—¿Por qué no informasteis enseguida? ¿Por qué lo escondéis?
—¡Queríamos informar! —Kate se atusó el pelo con la mano—. Pero luego decidimos que sería mejor borrar antes el malware, para poder decir que ya lo habíamos resuelto. Sin embargo, fueron pasando los días, y no había manera de localizarlo. Luego ya había transcurrido una semana, diez días… Hasta que nos dimos cuenta de que habíamos esperado demasiado. Si informábamos, nos acusarían de haberlo encubierto.
—Fue un error.
—¡Por supuesto! No sé muy bien cómo pasó. Estábamos bajo mucho estrés, y todo el ciclo de una prueba del
Isabella
exige como mínimo cuarenta y ocho horas.
Kate sacudió la cabeza.
—¿Sospecháis de alguien?
—Según Gregory, podría ser un grupo de hackers expertos que han planeado a conciencia un sabotaje, pero aunque no lo diga nadie, siempre existe el miedo de que el hacker sea uno de nosotros. —Se calló y suspiró—. Ya ves cómo estamos, Wyman.
Un caballo relinchó suavemente en la penumbra.
—Debido a ello Hazelius cree que la muerte de Volkonski fue un suicidio —conjeturó Ford.
—¡Pues claro que fue un suicidio! Como ingeniero de software, la humillación de ser víctima de un hacker le pesaba como una tonelada de ladrillos. Pobre Peter, era tan frágil… Emocionalmente tenía doce años; como un crío hiperactivo e inseguro, con camisetas que le iban demasiado grandes. —Kate sacudió la cabeza—. No pudo soportar la presión. Nunca dormía. Estaba día y noche delante del ordenador, pero no encontraba la bomba lógica. Era algo que le desesperaba. Empezó a beber, y no me extrañaría que tomase algo más fuerte.
—¿Y qué pasa con Innes? ¿No se supone que es el psicólogo del grupo?
—Innes. —La frente de Kate se arrugó—. Tiene buenas intenciones, pero intelectualmente está a años luz. Quizá esas sesiones semanales de «charla» y toda esa palabrería de que hay que hablar funcione con la gente normal, pero con nosotros no. Cuesta tan poco adivinar sus trucos, sus preguntas capciosas, sus pequeñas estrategias… Peter le aborrecía. —Se secó una lágrima con el dorso del guante—. Todos queríamos mucho a Peter.

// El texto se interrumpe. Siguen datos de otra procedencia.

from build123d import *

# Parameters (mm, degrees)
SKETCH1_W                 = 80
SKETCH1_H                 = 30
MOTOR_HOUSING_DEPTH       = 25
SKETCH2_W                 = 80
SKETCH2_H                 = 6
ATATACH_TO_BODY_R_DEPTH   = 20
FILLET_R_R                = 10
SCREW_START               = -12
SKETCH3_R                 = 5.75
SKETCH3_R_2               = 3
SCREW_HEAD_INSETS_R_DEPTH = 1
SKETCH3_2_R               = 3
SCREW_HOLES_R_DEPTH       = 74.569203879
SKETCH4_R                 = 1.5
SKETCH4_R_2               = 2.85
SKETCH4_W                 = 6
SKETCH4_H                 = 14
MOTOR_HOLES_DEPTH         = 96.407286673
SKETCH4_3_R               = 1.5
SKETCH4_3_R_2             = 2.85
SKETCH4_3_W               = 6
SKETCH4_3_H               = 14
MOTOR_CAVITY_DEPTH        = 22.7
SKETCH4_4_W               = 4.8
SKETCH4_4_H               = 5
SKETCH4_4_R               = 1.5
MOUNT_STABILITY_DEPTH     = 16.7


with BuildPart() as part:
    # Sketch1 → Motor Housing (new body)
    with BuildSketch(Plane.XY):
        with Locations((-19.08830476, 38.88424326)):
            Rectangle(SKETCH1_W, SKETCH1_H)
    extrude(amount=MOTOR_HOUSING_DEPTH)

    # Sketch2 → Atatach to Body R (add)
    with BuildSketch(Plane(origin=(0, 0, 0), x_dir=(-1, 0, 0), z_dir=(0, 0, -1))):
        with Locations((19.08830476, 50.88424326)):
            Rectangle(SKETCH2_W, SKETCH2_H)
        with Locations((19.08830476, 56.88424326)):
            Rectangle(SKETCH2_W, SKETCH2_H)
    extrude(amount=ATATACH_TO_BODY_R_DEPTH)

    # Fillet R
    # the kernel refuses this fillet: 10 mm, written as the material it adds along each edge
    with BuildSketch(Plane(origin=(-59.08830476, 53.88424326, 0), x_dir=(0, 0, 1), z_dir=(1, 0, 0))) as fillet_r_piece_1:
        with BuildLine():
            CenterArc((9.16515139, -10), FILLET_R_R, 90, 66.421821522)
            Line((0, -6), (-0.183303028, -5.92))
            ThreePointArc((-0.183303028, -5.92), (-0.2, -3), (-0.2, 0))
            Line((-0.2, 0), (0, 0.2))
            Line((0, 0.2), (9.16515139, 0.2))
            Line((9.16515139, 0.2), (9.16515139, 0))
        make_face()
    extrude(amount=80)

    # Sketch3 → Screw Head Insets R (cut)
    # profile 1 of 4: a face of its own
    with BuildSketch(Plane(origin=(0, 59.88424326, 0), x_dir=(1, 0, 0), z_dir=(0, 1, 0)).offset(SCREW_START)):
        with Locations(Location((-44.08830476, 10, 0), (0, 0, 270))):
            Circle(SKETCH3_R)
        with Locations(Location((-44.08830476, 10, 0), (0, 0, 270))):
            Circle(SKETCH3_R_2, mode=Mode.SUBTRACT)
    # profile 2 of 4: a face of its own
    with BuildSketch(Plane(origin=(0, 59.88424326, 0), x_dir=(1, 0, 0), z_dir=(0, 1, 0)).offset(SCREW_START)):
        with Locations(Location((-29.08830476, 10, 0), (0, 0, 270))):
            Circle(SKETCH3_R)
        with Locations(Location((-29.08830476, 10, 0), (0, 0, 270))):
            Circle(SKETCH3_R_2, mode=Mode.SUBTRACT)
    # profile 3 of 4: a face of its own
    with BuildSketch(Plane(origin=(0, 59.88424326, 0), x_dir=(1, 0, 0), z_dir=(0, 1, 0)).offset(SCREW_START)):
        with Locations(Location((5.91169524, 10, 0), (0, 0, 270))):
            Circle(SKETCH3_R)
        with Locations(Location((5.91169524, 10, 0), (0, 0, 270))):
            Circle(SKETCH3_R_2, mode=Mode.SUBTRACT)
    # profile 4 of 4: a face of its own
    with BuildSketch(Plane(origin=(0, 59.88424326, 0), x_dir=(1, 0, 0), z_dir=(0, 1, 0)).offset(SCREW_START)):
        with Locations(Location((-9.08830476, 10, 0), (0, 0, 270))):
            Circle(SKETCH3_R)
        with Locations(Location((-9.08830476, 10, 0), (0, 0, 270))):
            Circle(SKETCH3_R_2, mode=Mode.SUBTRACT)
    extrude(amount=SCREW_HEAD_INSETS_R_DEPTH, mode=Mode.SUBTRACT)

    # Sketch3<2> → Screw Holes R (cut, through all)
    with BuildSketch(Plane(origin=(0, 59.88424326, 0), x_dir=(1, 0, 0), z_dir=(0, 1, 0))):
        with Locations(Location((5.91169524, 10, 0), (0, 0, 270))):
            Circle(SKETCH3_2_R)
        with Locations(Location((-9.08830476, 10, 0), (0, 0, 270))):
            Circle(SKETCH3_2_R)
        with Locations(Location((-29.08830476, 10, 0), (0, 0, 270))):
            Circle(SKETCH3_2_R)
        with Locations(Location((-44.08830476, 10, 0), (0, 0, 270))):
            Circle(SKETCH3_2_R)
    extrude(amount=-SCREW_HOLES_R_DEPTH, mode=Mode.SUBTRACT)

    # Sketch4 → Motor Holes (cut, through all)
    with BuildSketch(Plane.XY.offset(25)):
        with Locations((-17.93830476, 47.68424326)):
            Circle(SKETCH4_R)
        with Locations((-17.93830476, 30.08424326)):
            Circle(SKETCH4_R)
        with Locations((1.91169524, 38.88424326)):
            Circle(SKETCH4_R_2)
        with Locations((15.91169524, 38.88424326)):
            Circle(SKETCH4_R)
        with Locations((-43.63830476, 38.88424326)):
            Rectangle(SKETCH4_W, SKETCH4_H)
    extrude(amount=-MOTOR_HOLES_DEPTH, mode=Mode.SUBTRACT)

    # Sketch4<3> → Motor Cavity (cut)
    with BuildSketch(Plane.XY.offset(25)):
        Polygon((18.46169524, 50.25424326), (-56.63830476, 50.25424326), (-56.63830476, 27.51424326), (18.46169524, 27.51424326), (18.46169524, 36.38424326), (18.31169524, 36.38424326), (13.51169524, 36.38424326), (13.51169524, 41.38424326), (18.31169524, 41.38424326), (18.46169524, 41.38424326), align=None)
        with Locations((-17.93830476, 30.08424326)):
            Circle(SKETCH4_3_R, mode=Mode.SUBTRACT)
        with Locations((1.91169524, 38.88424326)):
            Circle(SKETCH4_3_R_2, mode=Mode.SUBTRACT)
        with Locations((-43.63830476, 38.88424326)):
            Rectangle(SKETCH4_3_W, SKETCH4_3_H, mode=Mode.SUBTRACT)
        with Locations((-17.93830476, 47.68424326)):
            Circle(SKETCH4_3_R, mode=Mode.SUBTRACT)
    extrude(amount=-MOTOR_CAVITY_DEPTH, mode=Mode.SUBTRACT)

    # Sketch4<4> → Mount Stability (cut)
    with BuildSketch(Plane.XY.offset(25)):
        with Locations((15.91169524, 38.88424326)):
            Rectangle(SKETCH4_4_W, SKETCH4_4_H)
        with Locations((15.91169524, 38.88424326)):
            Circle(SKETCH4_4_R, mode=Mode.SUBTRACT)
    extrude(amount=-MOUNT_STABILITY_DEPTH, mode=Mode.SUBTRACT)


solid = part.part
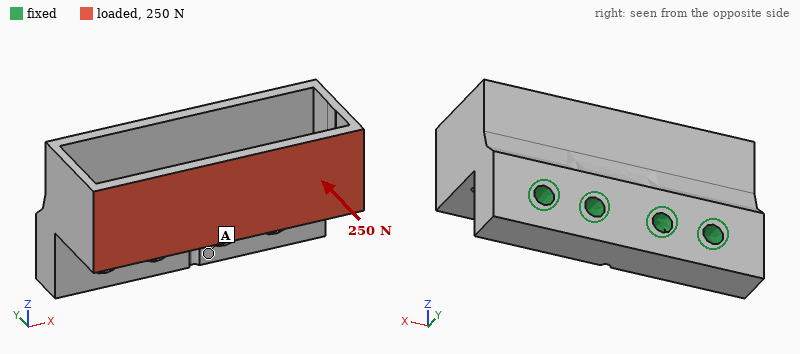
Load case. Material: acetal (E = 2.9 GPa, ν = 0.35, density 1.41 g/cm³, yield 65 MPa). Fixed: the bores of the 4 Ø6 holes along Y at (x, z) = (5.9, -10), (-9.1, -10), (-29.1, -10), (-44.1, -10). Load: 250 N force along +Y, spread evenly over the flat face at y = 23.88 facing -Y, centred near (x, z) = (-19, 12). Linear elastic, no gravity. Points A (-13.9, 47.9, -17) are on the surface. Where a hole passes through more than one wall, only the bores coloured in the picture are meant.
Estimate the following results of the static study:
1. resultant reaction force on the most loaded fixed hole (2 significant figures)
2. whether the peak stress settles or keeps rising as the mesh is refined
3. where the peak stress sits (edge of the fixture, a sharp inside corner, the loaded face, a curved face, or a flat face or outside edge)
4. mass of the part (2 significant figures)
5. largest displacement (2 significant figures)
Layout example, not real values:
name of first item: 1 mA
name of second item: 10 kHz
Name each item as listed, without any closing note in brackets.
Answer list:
resultant reaction force on the most loaded fixed hole: 69 N
whether the peak stress settles or keeps rising as the mesh is refined: keeps rising
where the peak stress sits: a sharp inside corner
mass of the part: 56 g
largest displacement: 1.2 mm
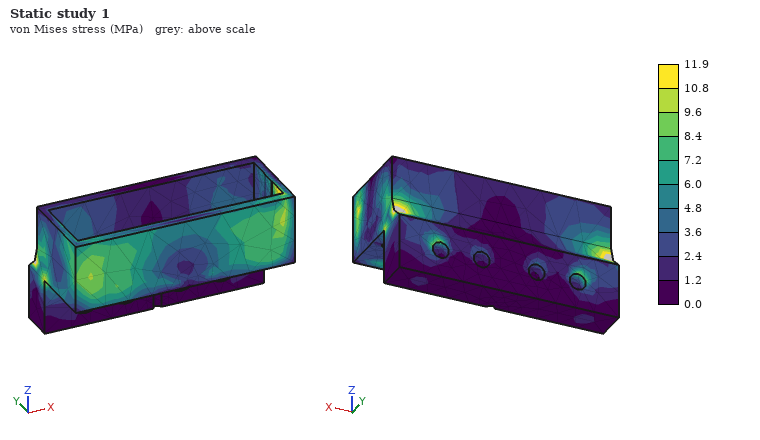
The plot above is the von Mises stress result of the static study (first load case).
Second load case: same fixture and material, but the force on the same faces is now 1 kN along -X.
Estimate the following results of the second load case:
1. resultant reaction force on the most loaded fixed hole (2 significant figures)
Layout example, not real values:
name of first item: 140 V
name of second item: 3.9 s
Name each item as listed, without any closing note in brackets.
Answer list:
resultant reaction force on the most loaded fixed hole: 670 N
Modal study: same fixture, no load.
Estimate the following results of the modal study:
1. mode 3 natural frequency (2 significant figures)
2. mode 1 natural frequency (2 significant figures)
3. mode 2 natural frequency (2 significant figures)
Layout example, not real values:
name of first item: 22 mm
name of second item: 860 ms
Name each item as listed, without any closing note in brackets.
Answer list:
mode 3 natural frequency: 1400 Hz
mode 1 natural frequency: 690 Hz
mode 2 natural frequency: 1000 Hz

—Menos Wardlaw —precisó Ford—. Y Corcoran.
—Wardlaw… Bueno, la verdad es que no aprecia a nadie del grupo, menos a Hazelius. Pero ten en cuenta que en su caso la presión todavía es mayor. Es el responsable de inteligencia del grupo, el que en principio se ocupa de la seguridad. Si llega a saberse todo esto, le mandarán a la cárcel.
«Visto así, no sorprende que esté un poco tenso.»
—En cuanto a Melissa, se ha peleado con bastantes integrantes del equipo. No era solo Volkonski. Yo de ti tendría cuidado con ella.
Ford se acordó de la nota, pero no dijo nada.
Kate se quitó los guantes y los tiró en una cesta colgada en la pared.
—¿Satisfecho? —preguntó con cierta dureza.
Al volver a su casa, Ford se repetía interiormente la pregunta: «¿Satisfecho?».
Subido a su vieja camioneta Ford, el pastor Russ Eddy miraba atentamente la aguja de la gasolina, calculando si tendría bastante para subir y bajar de la mesa, cuando vio en el horizonte la espiral de polvo que delataba la proximidad de un vehículo. Bajó de la camioneta y esperó apoyado en ella.
Al cabo de un momento frenó delante de él un coche patrulla de la policía tribal navajo, y el viento se llevó la cinta de polvo. Cuando se abrió la puerta, apareció una bota de vaquero polvorienta, seguida por un hombre alto que tras lograr salir del interior se puso derecho.
—Buenos días, pastor —saludó, tocándose el sombrero.
—Buenos días, teniente Bia —dijo Eddy con toda la soltura y naturalidad que pudo.
—¿Iba a alguna parte?
—No, solo miraba cómo está el depósito —contestó Eddy—. Aunque, la verdad es que me estaba planteando subir a la mesa y presentarme a los científicos. Me preocupa lo que pasa allá arriba.
Bia miró a su alrededor; en sus gafas de sol se reflejó el horizonte combado e interminable.
—Hace tiempo que no veo a Lorenzo. ¿Y usted?
—No —dijo Eddy—. No le he visto desde el lunes por la mañana.
Bia se subió los pantalones, haciendo tintinear los accesorios como un amuleto gigante.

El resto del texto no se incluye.